Minimum CSRD $15,348
Maximum CSRD $76,740
Minimum MMNA* $1,254
Maximum MMNA* $1,919
Average Cost of Care (Pima, Maricopa, Pinal) $2,651.42
Average Cost of Care (All other Counties) $2,530.67
Burial Limitation* $1,500
Lookback Period 36 months (Until 8/10/96 30 mos)
Lookback (Trusts) 60 months
As mentioned in previous Elder Law Issues, the Arizona White House Conference on Aging held in Phoenix last month dealt with issues facing the full White House Conference on Aging when it meets in May. Arizona’s delegation dealt with several issues expected to dominate the national aging agenda.
Financial Security
A person nearing age 65 in this last decade of the twentieth century has a life expectancy of 85. The life expectancy for the average adult at the end of the nineteenth century was 47. Improvements in health, disease control and lifestyles have made it possible for today’s elderly to expect much longer and more productive lives.
In 1950, the average Social Security benefit was $43.86. By the 1993, the average monthly benefit for workers was $656. For widows and widowers, the average benefit was $624 in 1993.

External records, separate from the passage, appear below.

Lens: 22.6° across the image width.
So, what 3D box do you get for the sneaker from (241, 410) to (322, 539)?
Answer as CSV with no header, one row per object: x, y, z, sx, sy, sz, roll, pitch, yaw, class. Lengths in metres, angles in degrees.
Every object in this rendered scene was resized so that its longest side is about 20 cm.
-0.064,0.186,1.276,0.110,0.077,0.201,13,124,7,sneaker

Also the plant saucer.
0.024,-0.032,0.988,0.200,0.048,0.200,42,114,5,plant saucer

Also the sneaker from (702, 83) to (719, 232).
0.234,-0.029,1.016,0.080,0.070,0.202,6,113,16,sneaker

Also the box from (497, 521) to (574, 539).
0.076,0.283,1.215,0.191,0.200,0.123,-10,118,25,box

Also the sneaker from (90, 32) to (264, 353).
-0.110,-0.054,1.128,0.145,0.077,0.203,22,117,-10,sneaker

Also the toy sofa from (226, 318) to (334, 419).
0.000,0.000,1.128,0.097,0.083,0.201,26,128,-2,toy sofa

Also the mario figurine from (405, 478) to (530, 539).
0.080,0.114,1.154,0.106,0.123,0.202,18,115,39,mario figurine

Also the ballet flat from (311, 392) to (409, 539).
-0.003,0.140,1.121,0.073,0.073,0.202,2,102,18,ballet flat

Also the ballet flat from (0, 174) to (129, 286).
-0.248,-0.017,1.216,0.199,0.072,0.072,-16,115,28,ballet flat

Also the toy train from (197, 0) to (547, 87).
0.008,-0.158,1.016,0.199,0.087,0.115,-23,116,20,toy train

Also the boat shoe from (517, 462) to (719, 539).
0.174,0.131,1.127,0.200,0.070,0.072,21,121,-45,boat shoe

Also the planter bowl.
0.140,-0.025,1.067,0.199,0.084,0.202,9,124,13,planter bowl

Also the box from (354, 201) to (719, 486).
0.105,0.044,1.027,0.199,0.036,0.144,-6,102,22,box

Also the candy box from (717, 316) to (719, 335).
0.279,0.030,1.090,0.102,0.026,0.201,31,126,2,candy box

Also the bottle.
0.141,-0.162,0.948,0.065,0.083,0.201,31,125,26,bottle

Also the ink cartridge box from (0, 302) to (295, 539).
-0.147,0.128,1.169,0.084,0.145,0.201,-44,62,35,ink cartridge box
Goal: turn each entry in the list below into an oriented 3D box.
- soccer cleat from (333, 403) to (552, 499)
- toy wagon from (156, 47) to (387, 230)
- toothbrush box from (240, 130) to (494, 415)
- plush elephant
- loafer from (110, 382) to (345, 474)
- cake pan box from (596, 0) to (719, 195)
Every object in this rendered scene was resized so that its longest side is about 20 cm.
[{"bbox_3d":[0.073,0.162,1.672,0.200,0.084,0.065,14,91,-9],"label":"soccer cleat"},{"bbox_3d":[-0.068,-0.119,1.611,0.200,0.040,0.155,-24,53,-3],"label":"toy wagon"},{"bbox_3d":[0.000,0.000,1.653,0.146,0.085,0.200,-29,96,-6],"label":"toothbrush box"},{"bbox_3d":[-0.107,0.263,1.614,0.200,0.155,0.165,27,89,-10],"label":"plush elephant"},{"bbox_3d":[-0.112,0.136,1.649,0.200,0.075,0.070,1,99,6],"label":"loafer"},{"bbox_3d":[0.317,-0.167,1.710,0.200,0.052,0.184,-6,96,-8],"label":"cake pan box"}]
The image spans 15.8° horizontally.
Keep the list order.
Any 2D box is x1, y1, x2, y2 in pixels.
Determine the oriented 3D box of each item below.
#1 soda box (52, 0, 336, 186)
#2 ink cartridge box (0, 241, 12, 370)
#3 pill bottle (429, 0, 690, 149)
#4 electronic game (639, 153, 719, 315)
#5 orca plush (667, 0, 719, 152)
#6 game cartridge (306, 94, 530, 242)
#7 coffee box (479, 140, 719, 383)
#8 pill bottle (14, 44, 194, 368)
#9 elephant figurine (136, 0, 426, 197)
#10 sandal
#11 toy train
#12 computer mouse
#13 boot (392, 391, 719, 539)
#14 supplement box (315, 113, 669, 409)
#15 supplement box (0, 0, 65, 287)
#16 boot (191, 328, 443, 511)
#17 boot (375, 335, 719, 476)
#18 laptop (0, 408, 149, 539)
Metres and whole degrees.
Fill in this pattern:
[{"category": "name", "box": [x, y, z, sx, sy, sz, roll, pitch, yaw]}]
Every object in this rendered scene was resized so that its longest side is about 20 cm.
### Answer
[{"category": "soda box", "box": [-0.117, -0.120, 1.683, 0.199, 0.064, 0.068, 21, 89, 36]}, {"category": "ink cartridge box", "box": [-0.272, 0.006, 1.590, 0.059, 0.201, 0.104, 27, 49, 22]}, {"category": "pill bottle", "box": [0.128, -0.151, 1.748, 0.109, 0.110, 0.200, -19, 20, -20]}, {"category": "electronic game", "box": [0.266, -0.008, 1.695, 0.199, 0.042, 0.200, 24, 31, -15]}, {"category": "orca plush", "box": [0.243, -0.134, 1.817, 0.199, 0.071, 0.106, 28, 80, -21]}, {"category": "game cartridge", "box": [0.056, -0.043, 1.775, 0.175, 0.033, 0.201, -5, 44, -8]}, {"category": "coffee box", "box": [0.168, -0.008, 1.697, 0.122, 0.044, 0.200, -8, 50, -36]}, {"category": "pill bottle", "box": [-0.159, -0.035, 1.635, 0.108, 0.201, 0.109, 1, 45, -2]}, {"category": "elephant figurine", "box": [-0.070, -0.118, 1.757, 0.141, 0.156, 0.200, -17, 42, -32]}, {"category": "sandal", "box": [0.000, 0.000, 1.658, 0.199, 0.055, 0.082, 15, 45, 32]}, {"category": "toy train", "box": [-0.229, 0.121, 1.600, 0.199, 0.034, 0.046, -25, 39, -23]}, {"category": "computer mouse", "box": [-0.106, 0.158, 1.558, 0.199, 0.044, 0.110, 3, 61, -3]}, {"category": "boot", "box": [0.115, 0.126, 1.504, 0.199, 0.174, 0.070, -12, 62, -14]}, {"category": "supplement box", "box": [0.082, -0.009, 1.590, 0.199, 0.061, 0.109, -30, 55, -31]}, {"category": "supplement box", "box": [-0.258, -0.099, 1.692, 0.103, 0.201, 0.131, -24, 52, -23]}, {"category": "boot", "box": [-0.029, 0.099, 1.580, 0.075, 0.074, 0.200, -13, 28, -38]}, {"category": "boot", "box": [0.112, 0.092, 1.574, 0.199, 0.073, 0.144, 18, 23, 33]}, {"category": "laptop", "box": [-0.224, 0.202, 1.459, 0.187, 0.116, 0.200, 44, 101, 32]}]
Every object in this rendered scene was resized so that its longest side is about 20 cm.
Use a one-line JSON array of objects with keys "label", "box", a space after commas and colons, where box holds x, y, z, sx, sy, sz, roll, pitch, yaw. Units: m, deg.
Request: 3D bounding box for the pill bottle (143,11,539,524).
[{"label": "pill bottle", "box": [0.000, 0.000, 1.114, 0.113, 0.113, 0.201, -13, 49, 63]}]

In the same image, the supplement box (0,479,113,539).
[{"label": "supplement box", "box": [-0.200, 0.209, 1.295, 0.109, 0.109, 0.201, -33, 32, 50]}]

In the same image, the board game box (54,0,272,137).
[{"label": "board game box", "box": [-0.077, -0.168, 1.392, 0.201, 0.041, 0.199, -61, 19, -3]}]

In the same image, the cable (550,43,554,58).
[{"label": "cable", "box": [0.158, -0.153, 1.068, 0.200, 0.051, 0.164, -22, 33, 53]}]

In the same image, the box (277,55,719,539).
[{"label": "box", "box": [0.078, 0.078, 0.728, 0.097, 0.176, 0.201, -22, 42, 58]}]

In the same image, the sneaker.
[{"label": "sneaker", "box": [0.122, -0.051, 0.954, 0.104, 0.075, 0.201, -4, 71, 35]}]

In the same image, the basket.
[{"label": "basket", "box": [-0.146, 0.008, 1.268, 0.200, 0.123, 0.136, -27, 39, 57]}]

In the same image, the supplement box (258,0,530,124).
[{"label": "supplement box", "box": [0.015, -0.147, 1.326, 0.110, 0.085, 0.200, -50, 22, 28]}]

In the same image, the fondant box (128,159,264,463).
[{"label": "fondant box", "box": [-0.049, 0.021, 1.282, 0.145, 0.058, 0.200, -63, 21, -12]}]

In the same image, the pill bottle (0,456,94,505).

Although Social Security was originally intended as a supplement to private retirement sources rather than as the principal source of retirement income, the result has been the opposite. Half of today’s retirees receive no pension benefits other than Social Security, and of those with second pensions nearly 60% get less than $100 per month from those sources.
Nationally, Social Security benefits provide about 40% of retiree income. Accumulated assets provide 25%, earnings 18%, and private pensions just 14%. Americans have never been good savers, and sixty years of Social Security seem to have discouraged our already low rates of saving.
As annual federal spending nears $1.5 trillion in 1995, concern mounts about the rising share of the national budget dedicated to Social Security and other “entitlements.” Unless changes are made in the way we fund Social Security, the entire budget will be required just to make the payments on Social Security and the national debt by 2011.
Some changes have already begun. The usual retirement age will raise from 65 to 67 in three decades. Some taxes are now collected on Social Security benefits for the wealthiest recipients, with the proceeds going into the Social Security system. But further changes will be required to prevent bankruptcy of the fund by the year 2029.
Meanwhile, the poorest recipients of federal largesse remain at levels inadequate to provide even basic needs. Over 1.5 million persons age 65 and above qualify for Supplemental Security Income because they receive total income (from all sources) of $458 or less.
In an era of budget constraints and shortages, the need to redesign Social Security benefits and taxes seems inevitable. The obvious challenge will be to do so in a fashion that preserves the value of the program.